India and Brazil: Global South Perspectives
India and Brazil reacted in divergent ways. India, under Prime Minister Narendra Modi, gave strong, if calculated, support to the US initiative. India framed the ceasefire as proof of responsible global leadership while balancing long-standing support for Palestinian aspirations with close ties to Israel. India pledged financial support for relief and reconstruction and indicated willingness to provide technical personnel under a UN framework if requested. It nodded to Palestinian aspirations in diplomatic language, without directly confronting Washington.
Brazil, under President Luiz Inácio Lula da Silva, took a sharply different approach. Lula has been a vocal critic of Israel’s actions in Gaza and skeptical of US-led diplomacy.
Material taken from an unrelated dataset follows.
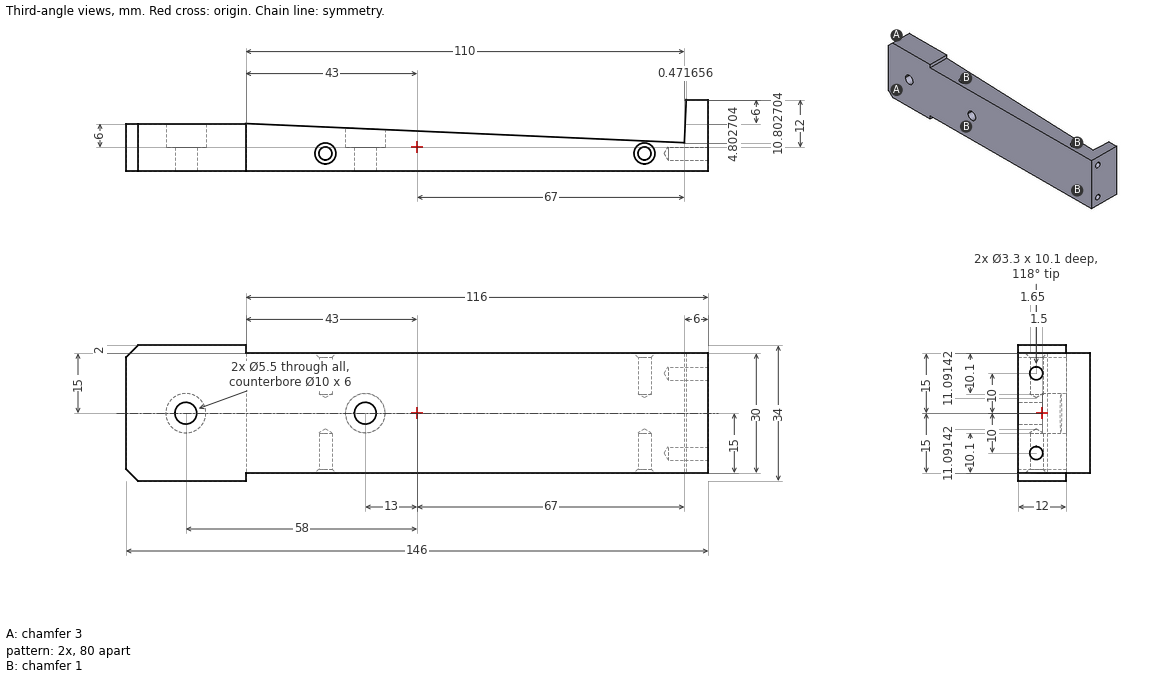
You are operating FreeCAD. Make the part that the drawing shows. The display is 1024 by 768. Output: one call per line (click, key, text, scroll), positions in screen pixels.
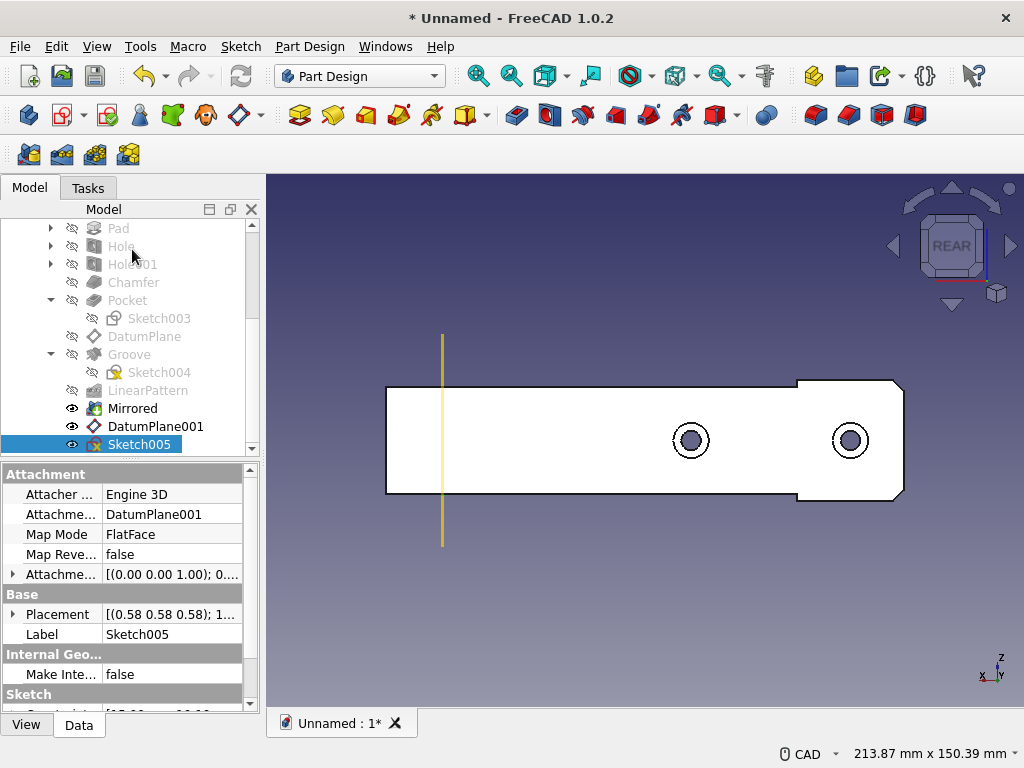
click(583, 116)

While Brazil supported the UN resolution backing the ceasefire, Lula kept a political distance from Trump’s plan and pushed instead for a more internationalized, UN-centered approach consistent with his emphasis on sovereignty and international law.
The Peace That Wasn’t
From Pakistan’s caution to Türkiye’s conditional support, from Saudi Arabia’s red lines to Iran’s ambivalent posture, the Gaza ceasefire plan has entered a phase of collective hesitation, not collapse.
Each country’s political DNA — its history, domestic pressures, and geopolitical aspirations — found expression in how it greeted or grieved the plan’s demise.
Trump’s 20-point plan has reached the same inflexion point as many Middle East initiatives before it: mutual intransigence and multifaceted cynicism. Hamas would not disarm; Netanyahu would not truly share Gaza’s future; allies would not risk blood; and adversaries would not miss a chance to say “I told you so.” The result is a ceasefire that is holding, but under strain. It is a reminder that no peace can take root in unilateral proclamations. It must be watered by genuine consensus and compromise, commodities scarcer than water in Gaza’s shattered pipes.
For Trump, the deal achieved a halt in mass killing, no small outcome, but now demands sustained enforcement. For the Muslim world, the episode offered momentary unity in outrage and relief, only to resurface old divides and power plays. Statistics tell part of the tale: 1.9 million Gazans displaced, nearly 68,000 dead, and untold lives broken — stakes so high that world leaders had to act, yet outcomes so fragile that their actions continue to fall short.